#### Materials provided:
========

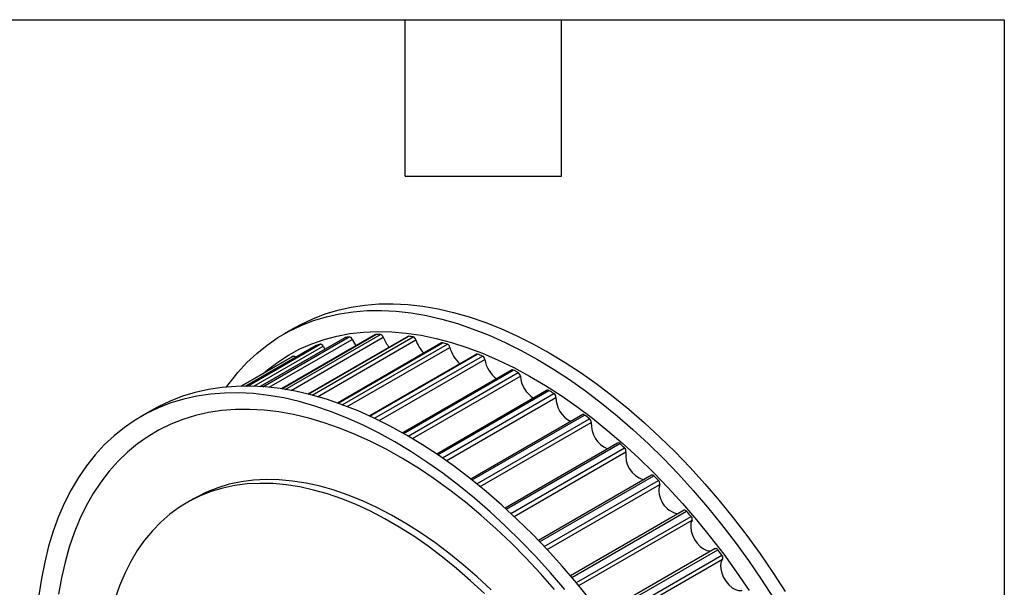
# Model space of a CAD drawing. Header units: millimetres. Extents: x 13 to 546, y 13 to 419.
# Tile 6 of 6: x 450 to 546, y 364 to 419. Entities that reach past the tile are written whole.
import ezdxf

# ---------------------------------------------------------------- set-up
doc = ezdxf.new("R2010")
doc.units = ezdxf.units.MM
doc.header["$LTSCALE"] = 2
doc.layers.add('TEXT', color=140, linetype='Continuous', lineweight=25)

msp = doc.modelspace()

# ---------------------------------------------------------------- linework, layer by layer
for p, q in [((476.963, 389.093), (475.831, 388.44)), ((481.798, 388.097), (473.552, 383.337)), ((473.563, 383.336), (481.831, 388.109)), ((473.816, 383.319), (482.235, 388.179)), ((474.425, 383.266), (482.525, 387.942)), ((484.79, 388.398), (475.637, 383.115)), ((475.66, 383.111), (484.842, 388.412)), ((475.991, 383.06), (485.272, 388.417)), ((476.563, 382.96), (485.554, 388.15)), ((487.949, 388.231), (478.202, 382.604)), ((478.237, 382.595), (488.021, 388.243)), ((478.621, 382.497), (488.471, 388.183)), ((479.151, 382.352), (488.743, 387.889)), ((479.006, 387.331), (472.164, 383.381)), ((472.167, 383.381), (479.021, 387.338)), ((472.308, 383.381), (479.396, 387.472)), ((472.934, 383.367), (479.69, 387.268)), ((479.006, 387.331), (479.021, 387.338)), ((479.69, 387.268), (479.859, 386.978)), ((491.241, 387.596), (481.09, 381.736)), ((481.139, 381.719), (491.334, 387.605)), ((481.559, 381.568), (491.8, 387.48)), ((482.048, 381.383), (492.057, 387.162)), ((476.615, 386.207), (471.712, 383.377)), ((471.714, 383.377), (476.784, 386.304)), ((494.629, 386.501), (484.196, 380.478)), ((484.258, 380.45), (494.744, 386.503)), ((484.701, 380.242), (495.22, 386.315)), ((485.152, 380.025), (495.461, 385.976)), ((498.077, 384.958), (487.44, 378.818)), ((487.517, 378.775), (498.214, 384.95)), ((487.974, 378.512), (498.695, 384.701)), ((488.387, 378.268), (498.917, 384.346)), ((501.546, 382.984), (490.761, 376.758)), ((490.851, 376.698), (501.705, 382.964)), ((491.314, 376.38), (502.187, 382.657)), ((491.692, 376.115), (502.386, 382.288)), ((463.053, 381.063), (461.921, 380.41)), ((504.999, 380.601), (494.105, 374.312)), ((494.207, 374.231), (505.18, 380.565)), ((494.67, 373.861), (505.657, 380.203)), ((495.013, 373.581), (505.832, 379.826)), ((508.398, 377.834), (497.424, 371.499)), ((497.539, 371.395), (508.601, 377.781)), ((497.994, 370.976), (509.067, 377.368)), ((498.303, 370.686), (509.216, 376.986)), ((511.705, 374.715), (500.674, 368.347)), ((500.8, 368.216), (511.929, 374.641)), ((501.243, 367.753), (512.38, 374.182)), ((501.519, 367.459), (512.501, 373.8)), ((467.05, 372.401), (466.413, 372.033)), ((514.884, 371.276), (503.817, 364.887)), ((503.952, 364.728), (515.129, 371.181)), ((504.376, 364.224), (515.559, 370.68)), ((504.619, 363.932), (515.652, 370.301)), ((517.901, 367.556), (506.812, 361.155)), ((506.955, 360.965), (518.166, 367.437)), ((507.356, 360.427), (518.57, 366.9)), ((507.566, 360.141), (518.633, 366.53))]:
    msp.add_line(p, q)
at = {"flags": 128}
for points in [[(470.281, 383.298), (470.532, 383.647), (471.368, 384.7), (472.262, 385.675), (473.214, 386.569), (474.221, 387.38), (475.28, 388.107), (476.391, 388.748), (477.55, 389.303), (478.756, 389.769), (480.006, 390.147), (481.297, 390.434), (482.627, 390.631), (483.993, 390.738), (485.393, 390.753), (486.823, 390.678), (488.281, 390.512), (489.763, 390.255), (491.268, 389.908), (492.791, 389.472), (494.33, 388.947), (495.881, 388.336), (497.442, 387.638), (499.009, 386.855), (500.579, 385.989), (502.15, 385.042), (503.717, 384.015), (505.278, 382.911), (506.829, 381.732), (508.368, 380.479), (509.891, 379.157), (511.396, 377.767), (512.878, 376.312), (514.336, 374.795), (515.766, 373.219), (517.166, 371.588), (518.532, 369.904), (519.862, 368.171), (521.153, 366.393), (522.403, 364.573), (523.608, 362.714)], [(476.963, 389.093), (477.522, 389.402), (478.682, 389.956), (479.888, 390.422), (481.137, 390.8), (482.428, 391.087), (483.758, 391.285), (485.125, 391.391), (486.524, 391.407), (487.954, 391.331), (489.412, 391.165), (490.895, 390.908), (492.399, 390.561), (493.922, 390.125), (495.461, 389.601), (497.012, 388.989), (498.573, 388.291), (500.14, 387.508), (501.711, 386.642), (503.281, 385.695), (504.848, 384.668), (506.409, 383.564), (507.961, 382.385), (509.499, 381.132), (511.023, 379.81), (512.527, 378.42), (514.01, 376.965), (515.467, 375.448), (516.897, 373.872), (518.297, 372.241), (519.663, 370.557), (520.993, 368.824), (522.284, 367.046), (523.534, 365.226), (524.74, 363.367)], [(473.841, 384.606), (474.252, 384.958), (475.257, 385.726), (476.315, 386.408), (477.422, 387.005), (478.578, 387.514), (479.779, 387.934), (481.023, 388.264), (482.308, 388.505), (483.629, 388.654), (484.986, 388.713), (486.375, 388.68), (487.793, 388.556), (489.237, 388.342), (490.704, 388.037), (492.191, 387.642), (493.695, 387.158), (495.213, 386.587), (496.741, 385.928), (498.276, 385.184), (499.815, 384.357), (501.356, 383.447), (502.893, 382.458), (504.425, 381.39), (505.949, 380.247), (507.46, 379.03), (508.956, 377.742), (510.433, 376.386), (511.889, 374.965), (513.32, 373.482), (514.724, 371.939), (516.097, 370.341), (517.437, 368.69), (518.74, 366.99), (520.005, 365.244), (521.228, 363.457)], [(481.798, 388.097), (481.799, 388.098), (481.831, 388.109)], [(482.525, 387.942), (482.737, 387.541), (482.898, 387.306)], [(484.79, 388.398), (484.808, 388.406), (484.842, 388.412)], [(476.784, 386.304), (476.816, 386.315), (476.852, 386.316), (476.891, 386.307), (476.932, 386.289), (476.973, 386.261), (477.012, 386.225), (477.038, 386.195)], [(505.753, 362.527), (504.387, 364.211), (502.987, 365.842), (501.557, 367.418), (500.099, 368.935), (498.617, 370.39), (497.112, 371.78), (495.589, 373.102), (494.051, 374.355), (492.499, 375.534), (490.938, 376.638), (489.371, 377.665), (487.801, 378.612), (486.23, 379.478), (484.663, 380.261), (483.102, 380.959), (481.551, 381.57), (480.012, 382.095), (478.489, 382.531), (476.985, 382.878), (475.502, 383.135), (474.044, 383.301), (472.614, 383.376), (471.214, 383.361), (469.848, 383.254), (468.518, 383.057), (467.227, 382.77), (465.977, 382.392), (464.772, 381.926), (463.612, 381.371), (463.053, 381.063)], [(503.256, 363.558), (501.856, 365.189), (500.426, 366.765), (498.968, 368.282), (497.485, 369.737), (495.981, 371.127), (494.458, 372.449), (492.919, 373.701), (491.368, 374.881), (489.807, 375.985), (488.24, 377.012), (486.669, 377.959), (485.099, 378.825), (483.532, 379.607), (481.971, 380.305), (480.42, 380.917), (478.881, 381.442), (477.358, 381.878), (475.853, 382.225), (474.371, 382.482), (472.913, 382.648), (471.483, 382.723), (470.083, 382.708), (468.717, 382.601), (467.387, 382.404), (466.096, 382.116), (464.846, 381.739), (463.64, 381.273), (462.481, 380.718), (461.37, 380.077), (460.31, 379.35), (459.304, 378.539), (458.352, 377.645), (457.458, 376.67), (456.622, 375.617), (455.847, 374.487), (455.134, 373.282), (454.484, 372.006), (453.899, 370.66), (453.381, 369.247), (452.929, 367.771), (452.545, 366.234), (452.23, 364.639), (451.984, 362.989)], [(502.262, 363.554), (500.874, 365.125), (499.456, 366.639), (498.012, 368.091), (496.545, 369.48), (495.058, 370.802), (493.554, 372.055), (492.036, 373.235), (490.508, 374.341), (488.973, 375.37), (487.433, 376.32), (485.893, 377.188), (484.355, 377.974), (482.823, 378.676), (481.3, 379.291), (479.789, 379.819), (478.293, 380.258), (476.816, 380.608), (475.36, 380.868), (473.928, 381.037), (472.525, 381.115), (471.152, 381.102), (469.812, 380.998), (468.508, 380.803), (467.244, 380.518), (466.021, 380.142), (464.842, 379.678), (463.71, 379.125), (462.627, 378.485), (461.596, 377.76), (460.618, 376.95), (459.695, 376.058), (458.831, 375.086), (458.025, 374.035), (457.28, 372.907), (456.599, 371.706), (455.981, 370.434), (455.428, 369.092), (454.942, 367.685), (454.524, 366.215), (454.173, 364.685), (453.892, 363.098)], [(495.42, 363.152), (494.072, 364.41), (492.706, 365.601), (491.323, 366.722), (489.929, 367.769), (488.526, 368.742), (487.117, 369.636), (485.707, 370.45), (484.298, 371.182), (482.895, 371.83), (481.5, 372.392), (480.118, 372.868), (478.751, 373.255), (477.404, 373.553), (476.078, 373.761), (474.779, 373.878), (473.508, 373.905), (472.27, 373.841), (471.066, 373.687), (469.901, 373.442), (468.777, 373.108), (467.697, 372.685), (466.663, 372.174), (465.678, 371.576), (464.745, 370.894), (463.866, 370.128), (463.042, 369.281), (462.277, 368.355), (461.572, 367.352), (460.929, 366.274), (460.349, 365.124), (459.833, 363.906), (459.384, 362.621)], [(496.056, 363.519), (494.709, 364.777), (493.342, 365.968), (491.96, 367.089), (490.565, 368.137), (489.162, 369.109), (487.753, 370.003), (486.343, 370.817), (484.935, 371.549), (483.531, 372.197), (482.137, 372.76), (480.754, 373.235), (479.388, 373.622), (478.04, 373.92), (476.715, 374.128), (475.415, 374.246), (474.145, 374.273), (472.906, 374.209), (471.703, 374.054), (470.538, 373.81), (469.413, 373.475), (468.333, 373.052), (467.299, 372.541), (467.05, 372.401)], [(515.652, 370.301), (515.548, 370.01), (515.523, 369.655), (515.578, 369.258), (515.709, 368.844), (515.909, 368.438), (516.165, 368.066), (516.461, 367.752), (516.779, 367.514), (517.098, 367.367), (517.4, 367.321), (517.512, 367.331)], [(517.901, 367.556), (517.902, 367.556), (517.933, 367.568), (517.969, 367.57), (518.008, 367.561), (518.049, 367.543), (518.09, 367.515), (518.129, 367.48), (518.166, 367.437)], [(518.633, 366.53), (518.498, 366.271), (518.44, 365.94), (518.461, 365.558), (518.561, 365.148), (518.734, 364.735), (518.968, 364.346), (519.249, 364.005), (519.56, 363.733), (519.881, 363.546), (520.193, 363.457), (520.475, 363.471), (520.545, 363.493)]]:
    msp.add_lwpolyline(points, dxfattribs=at)
for centre, radius, start, end in [((485.062, 370.597), 17.808, 99.1339, 100.45433), ((482.203, 387.844), 0.337, 16.99829, 84.53023), ((485.283, 367.979), 20.438, 90.03329, 91.23787), ((485.194, 388.052), 0.373, 15.19786, 77.97981), ((488.453, 389.21), 3.087, 200.08019, 221.12964), ((488.004, 388.133), 0.112, 80.90487, 119.33702), ((485.04, 364.287), 24.141, 81.82795, 82.90595), ((488.348, 387.797), 0.405, 13.10558, 72.25634), ((491.648, 388.746), 3.029, 196.4373, 225.16405), ((484.681, 372.111), 16.245, 108.98635, 110.3902), ((479.406, 387.173), 0.3, 18.53326, 92.04341), ((491.298, 387.489), 0.121, 72.64458, 118.2009), ((484.093, 359.641), 28.885, 74.52601, 75.48248), ((491.633, 387.081), 0.432, 10.7069, 67.23417), ((494.925, 387.8), 2.938, 192.55041, 229.41627), ((484.478, 372.587), 15.727, 119.28814, 119.9973), ((494.688, 386.386), 0.129, 64.40019, 117.46755), ((482.298, 354.247), 34.573, 68.05193, 68.90039), ((495.014, 385.914), 0.451, 7.98636, 62.80552), ((498.276, 386.399), 2.846, 188.5304, 233.78022), ((498.138, 384.83), 0.143, 57.81359, 115.52448), ((479.618, 348.376), 41.03, 62.29301, 63.04994), ((498.457, 384.306), 0.461, 4.92055, 58.88243), ((501.652, 384.55), 2.743, 184.2702, 238.36685), ((501.609, 382.843), 0.155, 51.36165, 113.90624), ((476.134, 342.34), 48.002, 57.12915, 57.81088), ((501.925, 382.277), 0.462, 1.47407, 55.39599), ((505.073, 382.31), 2.686, 180.45793, 242.49134), ((505.062, 380.441), 0.172, 46.26588, 111.38817), ((472.034, 336.468), 55.166, 52.4478, 53.06916), ((505.38, 379.845), 0.453, 357.59676, 52.29448), ((508.44, 379.665), 2.613, 176.47144, 246.77861), ((508.462, 377.665), 0.181, 39.73355, 110.74876), ((467.601, 331.073), 62.15, 48.14947, 48.72336), ((508.785, 377.037), 0.434, 353.2215, 49.54113), ((511.661, 376.611), 2.474, 171.27424, 252.2676), ((511.767, 374.525), 0.2, 35.66735, 108.06341), ((463.183, 326.426), 68.563, 44.14826, 44.68578), ((512.102, 373.883), 0.408, 348.26227, 47.11152), ((514.773, 373.224), 2.343, 165.78554, 258.04123), ((514.943, 371.064), 0.22, 32.06004, 105.31258), ((459.162, 322.732), 74.024, 40.37015, 40.88089), ((515.293, 370.414), 0.376, 342.61321, 44.98964), ((455.916, 320.113), 78.195, 36.75058, 37.243), ((518.322, 366.667), 0.341, 336.15021, 43.16131)]:
    msp.add_arc(centre, radius, start, end)
at = {"layer": 'TEXT'}
for p, q in [((12.7, 419.1), (546.1, 419.1)), ((487.68, 403.86), (487.68, 419.1)), ((502.92, 403.86), (502.92, 419.1)), ((546.1, 419.1), (546.1, 12.7)), ((487.68, 403.86), (502.92, 403.86))]:
    msp.add_line(p, q, dxfattribs=at)

doc.saveas('drawing.dxf')

========

#### About this task:
Only these lines belong in the answer: the first line of the listing above through the line holding "layer by layer", printed exactly and without pictures.

#### Answer to the exercise:
# Model space of a CAD drawing. Header units: millimetres. Extents: x 13 to 546, y 13 to 419.
# Tile 6 of 6: x 450 to 546, y 364 to 419. Entities that reach past the tile are written whole.
import ezdxf

# ---------------------------------------------------------------- set-up
doc = ezdxf.new("R2010")
doc.units = ezdxf.units.MM
doc.header["$LTSCALE"] = 2
doc.layers.add('TEXT', color=140, linetype='Continuous', lineweight=25)

msp = doc.modelspace()

# ---------------------------------------------------------------- linework, layer by layer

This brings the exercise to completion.